If the computed value is infinite or 0, then execution is terminated. No flags are set and the sign of the result is determined by the signs of the operands and the rounding mode \({\mathcal {R}} = \text{FPSCR}[23:22]\) as described in Sect. 12.4.

Otherwise, the precise mathematical result of the operation is a finite nonzero value u. This value is passed to the common function

$$\displaystyle \begin{aligned} \text{\textit{arm-post-comp}}(u, \mathit{FPSCR}, F), \end{aligned}$$

which performs the rounding and detects exceptions as described below. Note that in addition to the absence of exception masks, there are several departures from SSE behavior in the detection and handling of underflow.
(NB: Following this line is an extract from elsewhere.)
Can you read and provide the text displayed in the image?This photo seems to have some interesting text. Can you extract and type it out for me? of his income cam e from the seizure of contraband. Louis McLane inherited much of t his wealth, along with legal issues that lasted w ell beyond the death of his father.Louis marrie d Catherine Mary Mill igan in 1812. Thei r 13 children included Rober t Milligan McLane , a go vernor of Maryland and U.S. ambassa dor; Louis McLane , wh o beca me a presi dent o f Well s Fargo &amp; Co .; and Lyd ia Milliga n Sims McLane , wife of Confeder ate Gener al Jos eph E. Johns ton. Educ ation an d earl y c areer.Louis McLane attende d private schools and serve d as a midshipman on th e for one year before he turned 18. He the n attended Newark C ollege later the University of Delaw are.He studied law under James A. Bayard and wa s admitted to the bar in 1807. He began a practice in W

Unless u is a denormal, it is rounded according to the rounding mode \({\mathcal {R}}\) and the precision p of the data format f, producing a value \(r = \mathit {rnd}(u, {\mathcal {R}}, p)\). The returned value and the setting of exception flags are determined by the following case analysis. In all cases, the setting of a flag is understood to be contingent on the value of the corresponding trap enable bit, except in a certain case of underflow as noted below.
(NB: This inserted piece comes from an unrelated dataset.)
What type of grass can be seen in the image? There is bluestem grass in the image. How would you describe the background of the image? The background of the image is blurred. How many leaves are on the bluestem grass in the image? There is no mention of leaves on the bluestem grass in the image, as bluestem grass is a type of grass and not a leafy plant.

  • Overflow (r is above the normal range of the target format, i.e., |r| > lpn(F)):

    In all cases, OFC and IXC are set. The result depends on \({\mathcal {R}}\) and the sign of r.

    If (a) \({\mathcal {R}} = \mathit {RNE}\), (b) \({\mathcal {R}} = \mathit {RUP}\) and r > 0, or (c) \({\mathcal {R}} = \mathit {RDN}\) and r < 0, then the final result is an infinity with the sign of r.

    Otherwise, the result is the encoding of the maximum normal value for the target format, ±lpn(F), with the sign of r.

  • Underflow, which is detected before rounding (u is below the normal range, i.e., 0 < |u| < spn(F)):

    If FZ = 1 and F is SP or DP, then UFC is set. (IXC is not set.) UFE is ignored in this case, and FZ is ignored if F is HP. The final result is a zero with the sign of u.

    If FZ = 0 or F is HP, then u is rounded to produce \(d = \mathit {drnd}(u, {\mathcal {R}}, F)\), which may be a denormal value, 0, or the smallest normal, ±spn(F). If d ≠ u, then both UFC and IXC are set; otherwise, neither flag is modified. The final result is the encoding of d, with the sign of u if d = 0.

  • Normal Case (u and r are both within the normal range):

    If r ≠ u, then IXC is set. The final result is the normal encoding of r.